Yoga and related practices, I should add.  I was wired trying to fall asleep, so I accessed my Somatic Experiencing resources, laying flat on my back with my hands on my hips, breathing deeply and settling myself a bit.   After a little while, I was able to turn on my side, curl up, and drift off.

Before falling asleep, though, I giggled at a vision of this young punk, at home with the video game, chili dog and Big Gulp he just bought with my cash…and digging into a big bar of frou-frou artisan chocolate!  He’d be ruined forever.  I could see it – the next day, his friends offer him some M&Ms and he’s like, “Ick, gross, no way.”

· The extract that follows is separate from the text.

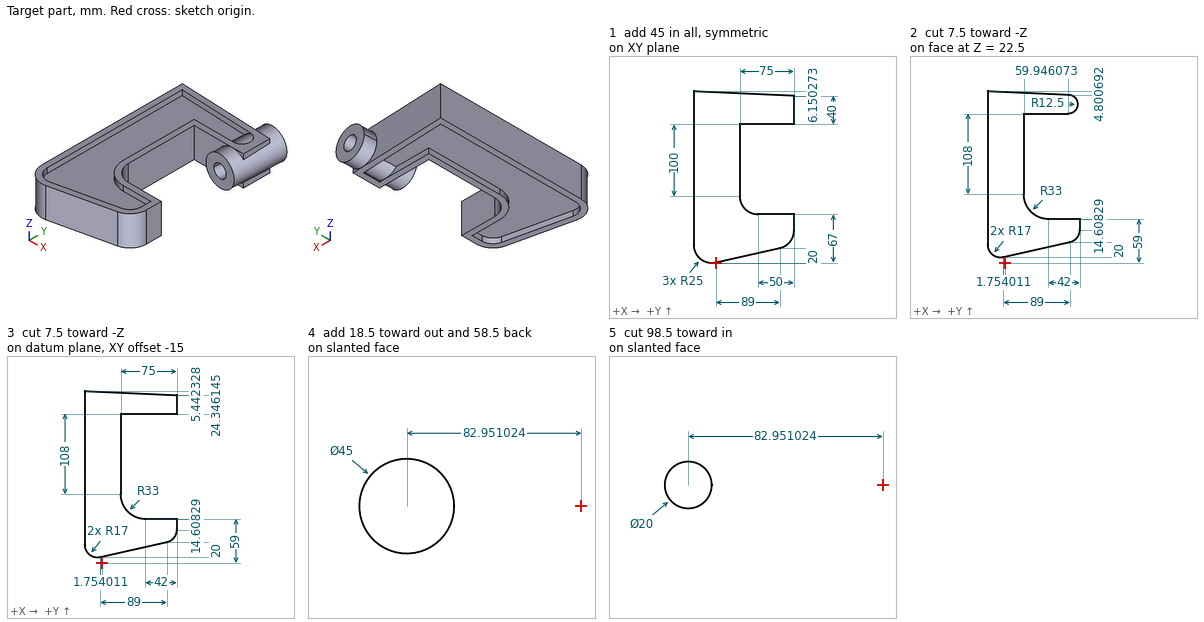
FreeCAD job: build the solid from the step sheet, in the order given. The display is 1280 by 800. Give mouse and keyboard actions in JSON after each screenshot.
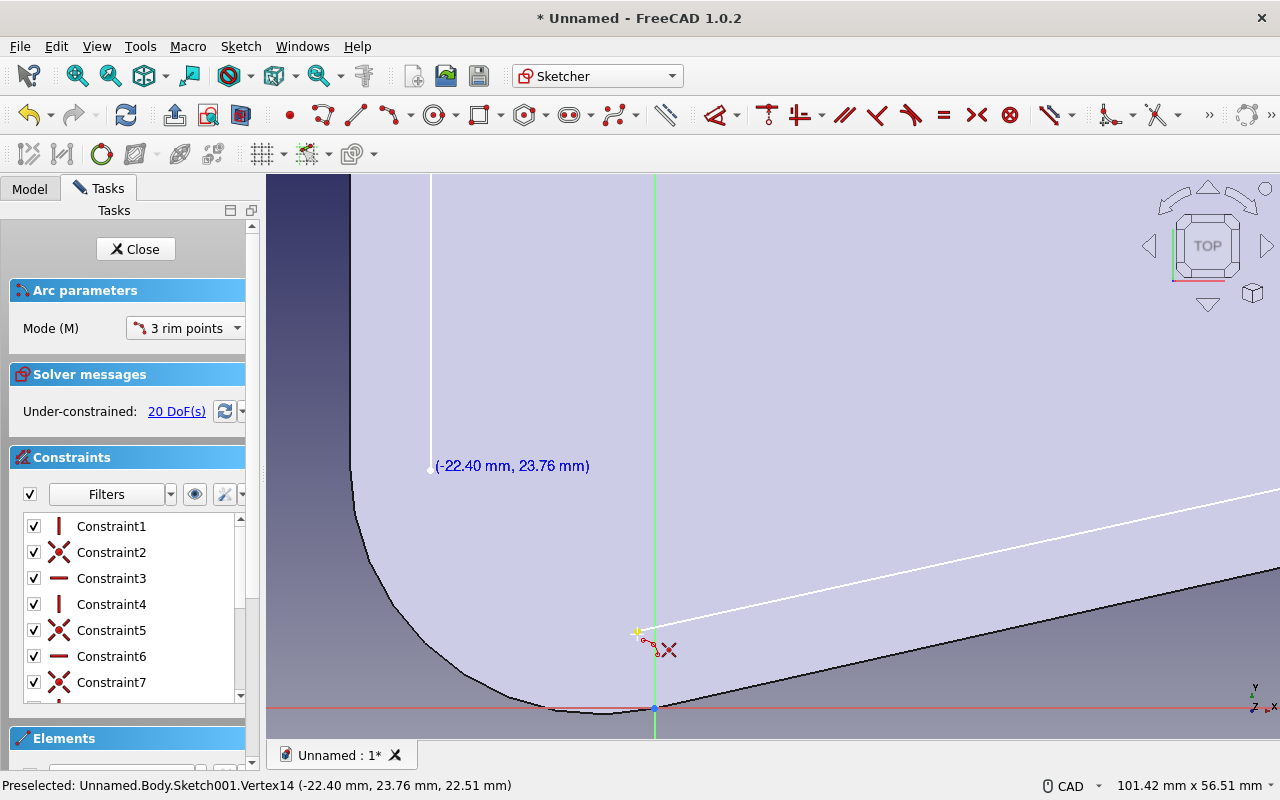
{"action": "left_click", "coordinate": [637, 631]}

The morning after the mugging, I taught my weekly meditation and yoga classes.  For the guided meditation, we practiced an adaptation of Buddhist Metta.  “May all beings be well,” we inhaled.  “May all beings be free of suffering,” we exhaled.  I included my mugger and his friend in those wishes.  After meditation, a student noted, “It can be hard to wish well for those who’ve harmed me.”  I shared that the Yoga Sutras of Patanjali (and a great therapist) helped me understand that people who cause pain are most likely in pain themselves.  If I meditate on their well-being and direct compassion toward them, perhaps they will hurt less and therefore hurt others less frequently.

We continued with a set of Asana and Pranayama, focusing on alternate nostril breathing.  I read a story from Integral Yoga’s Swami Ashokananda, where his practice of this calming breath helped him navigate a potentially serious conflict with perfect peace and ease.  These stories motivate me to continue my yoga and other balancing practices no matter what.

It was a powerful “morning after.”

The cord of my purse cut and bruised my finger.

Since the mugging, as I walk my sore body cautiously and anxiously around my ‘hood, I keep my eyes open for my attackers.  If I see them, I am to contact the case detective.  And I hope I do.  Because I have another vision – as part of his punishment, my mugger must do 90 days of yoga classes with me.  I sincerely believe in yoga’s power to transform harmful little punks into helpful human beings.

I believe because it worked for me.

I can’t be sure why this kid stole from me.  But I can guess that he’s in some kind of emotional pain – as I was, for decades.  Through yoga and other tools of recovery, I have changed.  Today, someone asked me, “What keeps you happy?” and I answered, “The chance to help others by sharing the things that have helped me heal.”  Opportunities to practice Karma Yoga keep me happy.

So who knows – maybe this kid and I will share yoga and chocolate and there will be one less hurting/hurtful human being on the streets.  More will be revealed.

Wishing all beings peace, joy, love and light.